5 configuration and training

model = pdx.cls.ResNet101_vd_ssld(num_classes=len(train_dataset.labels))

5.1 learning rate strategy

The learning rate strategy and parameters adopt the classic IMAGENET training method:

  1. LinearWarmup: warm up the learning rate by 5 epochs (warm up_steps = step_each_Epoch * 5);
  2. Piecewsedecay: the periodic learning rate decreases, and the learning rate of every 30 epochs decreases to 0.1 times of the original, a total of 120 epochs (learning_rate * (0.1**i));
  3. The Momentum optimizer with Momentum is selected, and the weight L2 regularization coefficient is 0.0005;
  4. The batch size and initial learning rate are linearly scaled from 256-0.1 to 64-0.025. Considering the small size of the data set and the use of pre training weight, they are reduced to 64-0.0125.
  • You can enter in the notebook? paddle. optimizer. lr.

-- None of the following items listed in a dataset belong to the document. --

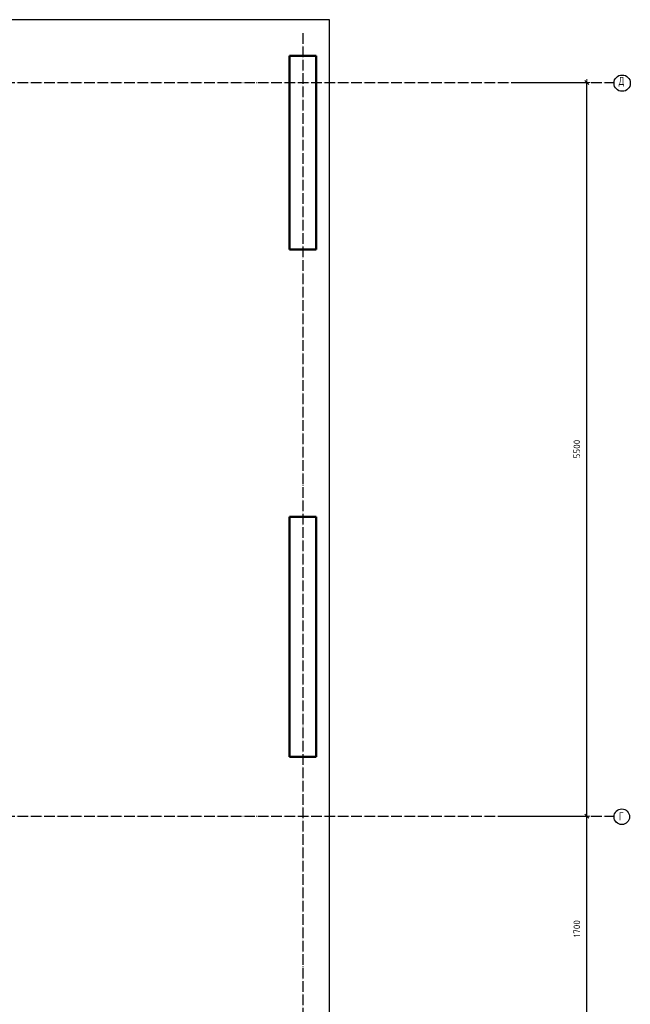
# Model space of a CAD drawing. Header units: millimetres. Extents: x -19950 to 69837, y -2757 to 40090.
# Tile 136 of 136: x 65256 to 69837, y 6990 to 14372. Entities that reach past the tile are written whole.
import ezdxf

# ---------------------------------------------------------------- set-up
doc = ezdxf.new("R2010")
doc.units = ezdxf.units.MM
doc.header["$PDMODE"] = 65
doc.linetypes.add('______11', pattern=[100, 80, -10, 0, -10])
doc.linetypes.add('______5', pattern=[220, 160, -20, 20, -20])
doc.layers.add('Standard', color=7, linetype='Continuous', lineweight=25)
doc.layers.add('Размерная линия_ общее', color=7, linetype='Continuous', lineweight=13)
doc.layers.add('Осевая линия_ общее', color=7, linetype='______5', lineweight=13, true_color=0xa0a0a0)
doc.styles.add('ISOCPEUR', font='ISOCPEUR')
doc.dimstyles.new('DIMSTYLE_16', dxfattribs={"dimtxt": 50, "dimasz": 50, "dimexe": 0, "dimexo": 0, "dimgap": 25, "dimtad": 2, "dimdec": 0, "dimrnd": 5, "dimzin": 12, "dimdsep": 46, "dimtxsty": 'ISOCPEUR', "dimblk1": 'ALL_ML_STRICH', "dimblk2": 'ALL_ML_STRICH', "dimsah": 1, "dimcen": 0, "dimclrd": 256, "dimclre": 256, "dimclrt": 256, "dimadec": 0, "dimazin": 0, "dimtfac": 1, "dimtdec": 0, "dimtix": 1, "dimtmove": 2, "dimatfit": 3, "dimfxl": 0, "dimtzin": 0, "dimlwd": 0, "dimlwe": -1, "dimarcsym": 0})

# ---------------------------------------------------------------- blocks, each defined once
blk = doc.blocks.new('ALL_ML_STRICH')
at = {"color": 0, "linetype": 'ByBlock', "lineweight": -2}
for p, q in [((-1, 0), (0.5, 0)), ((-0.3, -0.3), (0.3, 0.3)), ((0, -0.5), (0, 0.5))]:
    blk.add_line(p, q, dxfattribs=at)
blk = doc.blocks.new('*D347')
at = {"layer": 'DEFPOINTS', "transparency": 33554687}
for p in [(68890, 8400), (68990, 6700), (69511, 6700)]:
    blk.add_point(p, dxfattribs=at)
at = {"layer": 'Размерная линия_ общее', "lineweight": -2, "transparency": 33554687}
for p, q in [((68900, 8400), (69511, 8400)), ((69511, 6700), (69511, 8400)), ((69000, 6700), (69511, 6700))]:
    blk.add_line(p, q, dxfattribs=at)
at = {"layer": 'Размерная линия_ общее', "transparency": 33554687, "xscale": 50, "yscale": 50, "zscale": 50}
for p, rotation in [((69511, 8400), 90), ((69511, 6700), 270)]:
    blk.add_blockref('ALL_ML_STRICH', p, dxfattribs=dict(at, rotation=rotation))
at = {"layer": 'Размерная линия_ общее', "transparency": 33554687, "insert": (69436, 7557.5), "char_height": 50, "width": 200, "attachment_point": 5, "rotation": 90, "style": 'ISOCPEUR'}
blk.add_mtext('\\A1;{1700}', dxfattribs=at)
blk = doc.blocks.new('*D348')
at = {"layer": 'DEFPOINTS', "transparency": 33554687}
for p in [(68990, 13900), (68890, 8400), (69511, 8400)]:
    blk.add_point(p, dxfattribs=at)
at = {"layer": 'Размерная линия_ общее', "lineweight": -2, "transparency": 33554687}
for p, q in [((69000, 13900), (69511, 13900)), ((69511, 8400), (69511, 13900)), ((68900, 8400), (69511, 8400))]:
    blk.add_line(p, q, dxfattribs=at)
at = {"layer": 'Размерная линия_ общее', "transparency": 33554687, "xscale": 50, "yscale": 50, "zscale": 50}
for p, rotation in [((69511, 13900), 90), ((69511, 8400), 270)]:
    blk.add_blockref('ALL_ML_STRICH', p, dxfattribs=dict(at, rotation=rotation))
at = {"layer": 'Размерная линия_ общее', "transparency": 33554687, "insert": (69436, 11152.5), "char_height": 50, "width": 200, "attachment_point": 5, "rotation": 90, "style": 'ISOCPEUR'}
blk.add_mtext('\\A1;{5500}', dxfattribs=at)

msp = doc.modelspace()

# ---------------------------------------------------------------- linework, layer by layer
at = {"color": 7, "linetype": 'Continuous', "lineweight": 50, "transparency": 33554687}
for p, q in [((67280, 12650), (67280, 14100)), ((67280, 14100), (67480, 14100)), ((67480, 14100), (67480, 12650)), ((67480, 12650), (67280, 12650))]:
    msp.add_line(p, q, dxfattribs=at)
at = {"layer": 'Standard', "color": 7, "linetype": 'Continuous', "lineweight": 50, "transparency": 33554687}
for p, q in [((67280, 8845), (67280, 10645)), ((67280, 10645), (67480, 10645)), ((67480, 10645), (67480, 8845)), ((67480, 8845), (67280, 8845))]:
    msp.add_line(p, q, dxfattribs=at)
at = {"layer": 'Standard', "color": 7, "linetype": 'Continuous', "lineweight": 25, "transparency": 33554687}
msp.add_lwpolyline([(25100, -419.1), (67580, -419.1), (67580, 14372), (25100, 14372), (25100, -419.1)], dxfattribs=at)
at = {"layer": 'Осевая линия_ общее', "color": 253, "linetype": '______11', "lineweight": -3, "true_color": 0xa0a0a0, "transparency": 33554687}
for p, q in [((67380, 14272), (67380, -2614.4)), ((25200, 13900), (69714.9, 13900)), ((25200, 8400), (69714.9, 8400))]:
    msp.add_line(p, q, dxfattribs=at)
at = {"layer": 'Осевая линия_ общее', "color": 7, "linetype": 'Continuous', "lineweight": -3, "transparency": 33554687}
for centre, radius in [((69776.1, 13896.1), 61.2), ((69773.4, 8396.1), 58.5)]:
    msp.add_circle(centre, radius, dxfattribs=at)

# ---------------------------------------------------------------- texts
at = {"layer": 'Осевая линия_ общее', "color": 7, "linetype": 'Continuous', "lineweight": -3, "transparency": 33554687, "char_height": 60, "attachment_point": 7, "style": 'ISOCPEUR'}
for s, insert, width in [('\\W0.82;Д', (69749.1, 13870), 78.529), ('\\W0.78;Г', (69752.4, 8370), 65.281)]:
    msp.add_mtext(s, dxfattribs=dict(at, insert=insert, width=width))

# ---------------------------------------------------------------- dimensions: what is measured, and where the dimension line sits
at = {"layer": 'Размерная линия_ общее', "transparency": 33554687}
for base, p1, p2, picture, middle in [((69511, 13900), (68900, 8400), (69000, 13900), '*D348', (69436, 11152.5)), ((69511, 8400), (69000, 6700), (68900, 8400), '*D347', (69436, 7557.5))]:
    dim = msp.add_linear_dim(base=base, p1=p1, p2=p2, angle=90, dimstyle='DIMSTYLE_16', override={"dimpost": '<>', "dimclrd": 256, "dimclre": 256, "dimclrt": 256, "dimlwd": 0, "dimlwe": 65535}, dxfattribs=at)
    dim.commit()
    dim.dimension.update_dxf_attribs({"geometry": picture, "text_midpoint": middle, "dimtype": 160})

doc.saveas('drawing.dxf')

Piecweisedecay knows how to use this block, for example? paddle. optimizer. lr. Cosine annealingdecay cosine attenuation.
num_epochs = 120
learning_rate = 0.0125
lr_decay_epochs = [30, 60, 90]
train_batch_size = 64
step_each_epoch = train_dataset.num_samples // train_batch_size

boundaries = [b * step_each_epoch for b in lr_decay_epochs]
values = [learning_rate * (0.1**i) for i in range(len(lr_decay_epochs) + 1)]
lr = paddle.optimizer.lr.PiecewiseDecay(
    boundaries=boundaries,
    values=values)

lr = paddle.optimizer.lr.LinearWarmup(
    learning_rate=lr,
    warmup_steps=step_each_epoch * 5,
    start_lr=0.0,
    end_lr=learning_rate)

optimizer = paddle.optimizer.Momentum(
    learning_rate=lr,
    momentum=0.9,
    weight_decay=paddle.regularizer.L2Decay(0.0005),
    parameters=model.net.parameters())

5.2 start training

  • You can enter Watch - N 0 NVIDIA SMI in the terminal to view the memory capacity, and adjust the size of picture transformation, batch size and other parameters as required.
  • Capacity of this version: 9354MiB / 16384MiB.
  • Because the division proportion of validation data is small and Mixup Data enhancement makes the high index model on the early verification set less robust than that at the end of training.
model.train(
    train_dataset=train_dataset,
    eval_dataset=eval_dataset,

    num_epochs=num_epochs,
    train_batch_size=train_batch_size,
    optimizer=optimizer,

    save_interval_epochs=1,
    log_interval_steps=step_each_epoch * 5,

    pretrain_weights='IMAGENET',
    save_dir='output/ResNet101_vd_ssld',
    use_vdl=True)

6 evaluation and prediction

6.1 model evaluation

model = pdx.load_model('output/ResNet101_vd_ssld/best_model')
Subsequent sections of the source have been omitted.